Pretium has reported excellent grades that are in line with their 2014 feasibility study and subsequent updates to their resource model.
- Q2 feed grade: 14.9 g/t gold
- Year 1 of feasibility study: 15.4 g/t
- Reserve update announced Dec 2016: 14.5 g/t
- H2 2018 guidance:
11.6g/t to 12.82g/t after recovery losses at 2900tpd operation. If recoveries are 97%, guidance implies 12.0g/t to 13.2g/t. 12.9 to 14.2 g/t. (EDIT 7/12/2018: Management stated that the guidance was based on 2700tpd on the conference call, so I should have calculated based on 2700tpd.)

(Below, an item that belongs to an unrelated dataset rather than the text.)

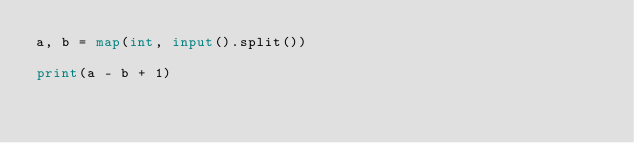Convert code to text. <code><loc_0><loc_0><loc_500><loc_500><_Python_>a, b = map(int, input().split())

print(a - b + 1)</code> 
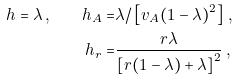<formula> <loc_0><loc_0><loc_500><loc_500>h = \lambda \, , \quad h _ { A } = & \lambda / \left [ v _ { A } ( 1 - \lambda ) ^ { 2 } \right ] \, , \\ h _ { r } = & \frac { r \lambda } { \left [ r ( 1 - \lambda ) + \lambda \right ] ^ { 2 } } \, ,</formula>

The guidance range is insanely tight as it is roughly ±5% (200,000 to 220,000 ounces). Pretium has gone from complaining about the accuracy of the sample tower data, to saying that it would provide guidance at the end of 2017 and not do so, and now it is saying that it can predict production to within 5%. Simon Dominy’s paper (draft version with working images, final version), especially Table 9, is worth a read as this newfound level of precision is very suspicious to me.

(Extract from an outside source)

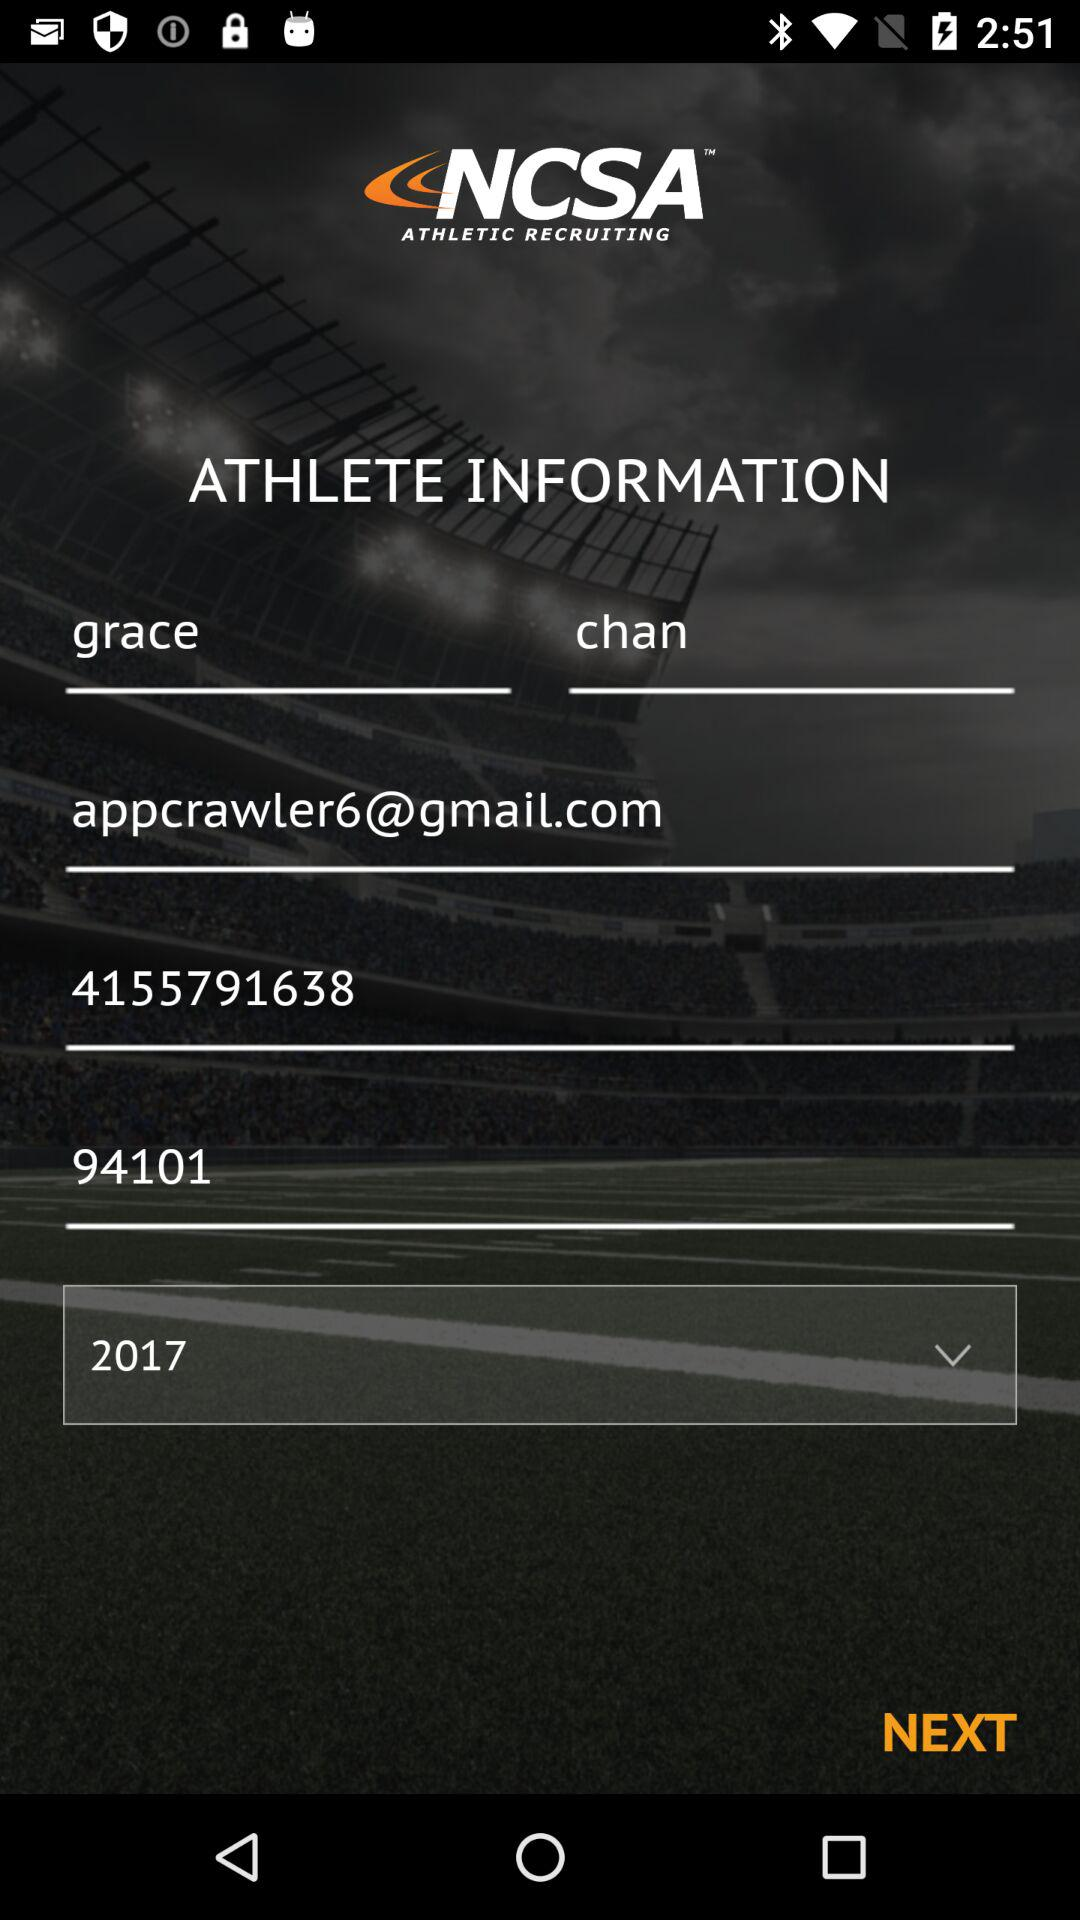What is the user's first name? The user's first name is Grace.

My gut feeling remains the same: this story will not end well. There’s one way to validate or invalidate my short thesis. In the coming quarters, Pretium will release its financial statements. If the mine is the real deal, cash will pile up on the balance sheet. In theory, it’s possible for Pretium to cook the books a little simply by not reporting all of its liabilities. But there’s a limitation to that type of distortion, e.g. I can’t see how it would be possible to understate more than a quarter’s worth of expenses. Over the span of 1-2 years, the financials will paint a reasonably accurate picture as to the mine’s profitability so far. Looking at financials would therefore sidestep the issue as to whether or not the reported grades are real.
Ivor Jones’ technical report uses the wrong geological controls. When Pretium expanded the bulk sampling program, it went out of its way to trace and excavate the Cleopatra vein. The Contact Mill in Montana confirmed that the vein has grades above 80g/t. The issue is that the Cleopatra vein’s geological controls are completely different than those used for the resource estimate. Pretium’s technical reports were not updated to reflect this.
Management has attributed the poor showing in the first 7 months to the ‘ramp up’ process. Management is suggesting that the ramp up will continue as “steady state” production is guided for mid or late this year. This suggests to me that management continues to lack confidence in the deposit.
So far, the Brucejack mine has yet to generate free cash flow. Without needing to get too fancy, simply looking at Pretium’s cash flow is enough to see that Pretium’s shareholders will likely be wiped out or diluted close to zero eventually. Pretium may have extreme difficulty in coming up with the $423M+ needed to refinance its credit facility on or before December 2019.